On March 10, the conscript attended a forest camp, already feeling unwell. The next morning he was experiencing chills and fever.

"I told the company paramedic that I had been to the notorious volleyball game (whose competitors included a team from northern Italy and was followed by a wave of coronavirus infections-ed.) and I had a fever and needed to be place in isolation," the conscript said.

"Then I left on scooter and was tested on the Thursday (March 12-ed.) and the results came back positive on the Friday.
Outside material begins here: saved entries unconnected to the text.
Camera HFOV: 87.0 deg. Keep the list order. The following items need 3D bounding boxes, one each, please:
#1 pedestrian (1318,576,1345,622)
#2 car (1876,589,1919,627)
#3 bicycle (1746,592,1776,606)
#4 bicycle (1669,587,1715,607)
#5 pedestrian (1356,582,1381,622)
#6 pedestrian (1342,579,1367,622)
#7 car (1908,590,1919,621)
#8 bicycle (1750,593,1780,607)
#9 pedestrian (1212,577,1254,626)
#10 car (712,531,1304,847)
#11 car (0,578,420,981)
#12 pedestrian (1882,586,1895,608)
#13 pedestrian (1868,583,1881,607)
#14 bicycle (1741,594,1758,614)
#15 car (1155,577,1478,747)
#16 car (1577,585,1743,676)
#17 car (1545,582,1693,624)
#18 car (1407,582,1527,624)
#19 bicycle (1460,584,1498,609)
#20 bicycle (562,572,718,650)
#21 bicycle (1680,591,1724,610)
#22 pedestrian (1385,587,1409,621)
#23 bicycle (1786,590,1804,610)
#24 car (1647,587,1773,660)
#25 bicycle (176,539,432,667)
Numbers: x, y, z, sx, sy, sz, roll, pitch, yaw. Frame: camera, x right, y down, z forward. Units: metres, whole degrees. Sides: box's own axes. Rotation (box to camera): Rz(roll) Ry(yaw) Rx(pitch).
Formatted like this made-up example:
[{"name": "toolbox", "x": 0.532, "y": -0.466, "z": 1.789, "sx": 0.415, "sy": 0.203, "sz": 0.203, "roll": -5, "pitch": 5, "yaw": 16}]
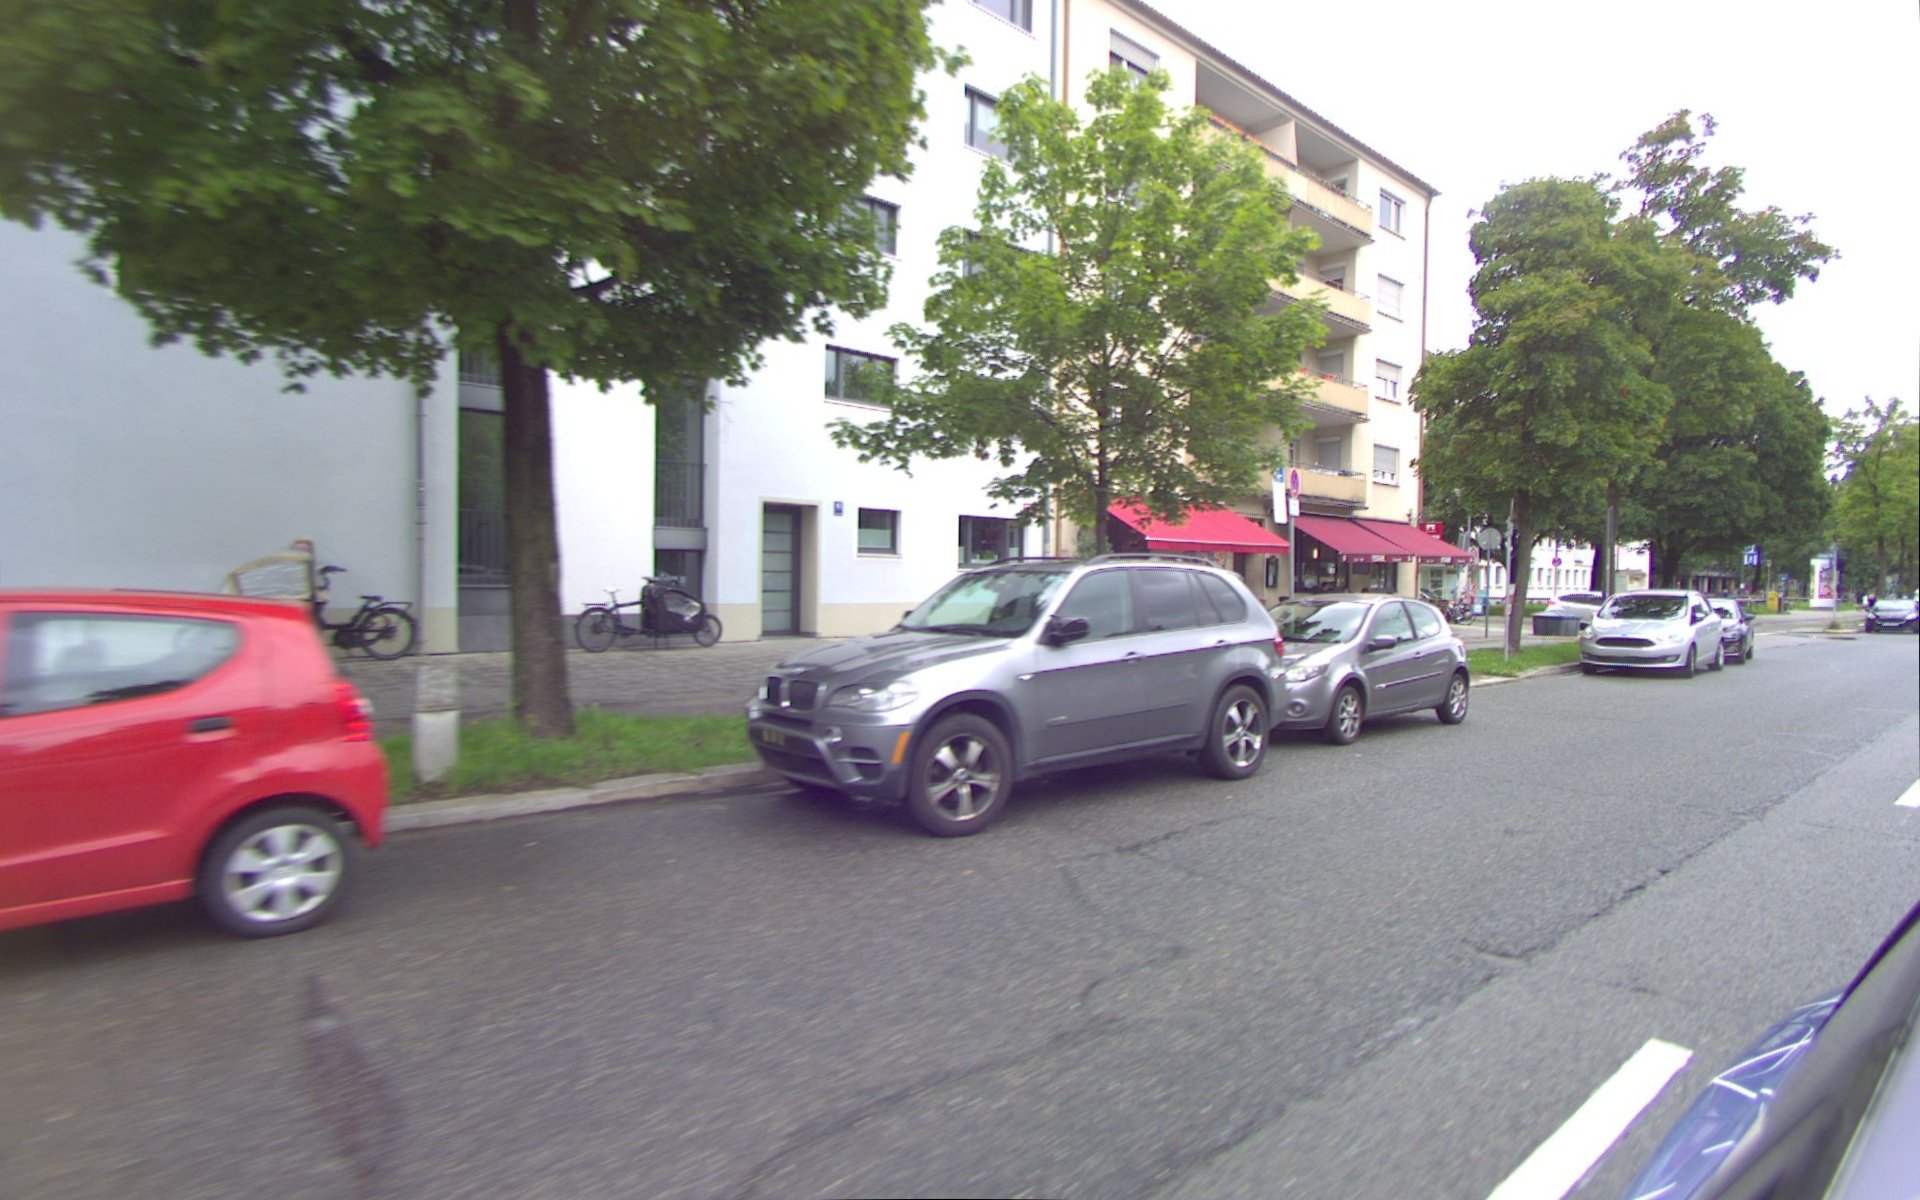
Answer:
[{"name": "pedestrian", "x": 11.005, "y": -0.029, "z": 30.007, "sx": 0.543, "sy": 1.355, "sz": 0.539, "roll": 0, "pitch": 1, "yaw": -42}, {"name": "car", "x": 39.756, "y": 0.336, "z": 42.416, "sx": 3.888, "sy": 1.495, "sz": 1.646, "roll": 0, "pitch": 1, "yaw": -42}, {"name": "bicycle", "x": 55.656, "y": -0.067, "z": 70.297, "sx": 0.490, "sy": 0.927, "sz": 1.596, "roll": 0, "pitch": 1, "yaw": -44}, {"name": "bicycle", "x": 42.051, "y": -0.199, "z": 58.139, "sx": 0.653, "sy": 1.081, "sz": 2.027, "roll": 0, "pitch": 1, "yaw": -44}, {"name": "pedestrian", "x": 12.679, "y": 0.054, "z": 31.383, "sx": 0.478, "sy": 1.229, "sz": 0.539, "roll": 0, "pitch": 1, "yaw": -40}, {"name": "pedestrian", "x": 11.966, "y": -0.004, "z": 30.724, "sx": 0.478, "sy": 1.284, "sz": 0.539, "roll": 0, "pitch": 1, "yaw": -42}, {"name": "car", "x": 47.754, "y": 0.257, "z": 49.338, "sx": 4.212, "sy": 1.455, "sz": 1.824, "roll": 0, "pitch": 0, "yaw": -41}, {"name": "bicycle", "x": 57.212, "y": 0.006, "z": 71.932, "sx": 0.490, "sy": 0.927, "sz": 1.596, "roll": 0, "pitch": 3, "yaw": -44}, {"name": "pedestrian", "x": 6.950, "y": 0.033, "z": 25.773, "sx": 0.635, "sy": 1.177, "sz": 0.745, "roll": 0, "pitch": 3, "yaw": -41}, {"name": "car", "x": 0.559, "y": 0.466, "z": 7.761, "sx": 4.426, "sy": 1.768, "sz": 1.834, "roll": 0, "pitch": 1, "yaw": -39}, {"name": "car", "x": -4.420, "y": 0.644, "z": 3.849, "sx": 3.933, "sy": 1.459, "sz": 1.523, "roll": 0, "pitch": 1, "yaw": -43}, {"name": "pedestrian", "x": 70.715, "y": -0.211, "z": 77.067, "sx": 0.555, "sy": 1.624, "sz": 0.515, "roll": 1, "pitch": 1, "yaw": 30}, {"name": "pedestrian", "x": 70.059, "y": -0.397, "z": 77.548, "sx": 0.555, "sy": 1.777, "sz": 0.651, "roll": 1, "pitch": 1, "yaw": 30}, {"name": "bicycle", "x": 42.603, "y": 0.211, "z": 54.584, "sx": 0.469, "sy": 1.068, "sz": 1.739, "roll": 5, "pitch": 4, "yaw": 45}, {"name": "car", "x": 4.045, "y": 0.546, "z": 11.233, "sx": 3.706, "sy": 1.541, "sz": 1.832, "roll": 0, "pitch": 1, "yaw": -42}, {"name": "car", "x": 13.748, "y": 0.506, "z": 19.763, "sx": 4.449, "sy": 1.541, "sz": 1.831, "roll": 0, "pitch": 2, "yaw": -44}, {"name": "car", "x": 24.645, "y": 0.072, "z": 37.993, "sx": 1.959, "sy": 1.460, "sz": 4.229, "roll": 0, "pitch": 1, "yaw": -26}, {"name": "car", "x": 20.295, "y": 0.079, "z": 40.608, "sx": 1.701, "sy": 1.538, "sz": 3.931, "roll": 0, "pitch": 2, "yaw": -42}, {"name": "bicycle", "x": 25.415, "y": -0.183, "z": 49.572, "sx": 0.687, "sy": 1.170, "sz": 1.471, "roll": 0, "pitch": 1, "yaw": -42}, {"name": "bicycle", "x": -4.816, "y": 0.143, "z": 15.317, "sx": 2.157, "sy": 1.059, "sz": 0.623, "roll": 0, "pitch": 5, "yaw": -41}, {"name": "bicycle", "x": 44.186, "y": 0.032, "z": 60.261, "sx": 0.653, "sy": 1.081, "sz": 2.027, "roll": 0, "pitch": 1, "yaw": -44}, {"name": "pedestrian", "x": 13.940, "y": 0.121, "z": 32.266, "sx": 0.478, "sy": 1.067, "sz": 0.539, "roll": 0, "pitch": 1, "yaw": -40}, {"name": "bicycle", "x": 52.289, "y": -0.019, "z": 63.369, "sx": 2.039, "sy": 1.203, "sz": 0.545, "roll": 0, "pitch": 1, "yaw": -40}, {"name": "car", "x": 17.312, "y": 0.474, "z": 23.304, "sx": 1.830, "sy": 1.491, "sz": 3.826, "roll": 2, "pitch": 2, "yaw": 44}, {"name": "bicycle", "x": -7.961, "y": 0.016, "z": 12.385, "sx": 2.547, "sy": 1.424, "sz": 0.704, "roll": 0, "pitch": 3, "yaw": -41}]

These symptoms passed quickly, however, the conscript said.

"It basically passed in a day. On Thursday, when I had my worst fever, my temperature was 37.8C, but by the evening this had passed," he said.

The conscripts of the same unit were quarantined, and their tests proved negative. Neither friends nor relatives of the conscript at home on Saaremaa have contracted the illness, he said.

EDF chief doctor Maj.Targo Lusti told "Aktuualne kaamera" that there are five infected members in the defense forces, including the conscript. Between 300 and 500 people have been exposed to those individuals together, but are reportedly feeling fine, he said.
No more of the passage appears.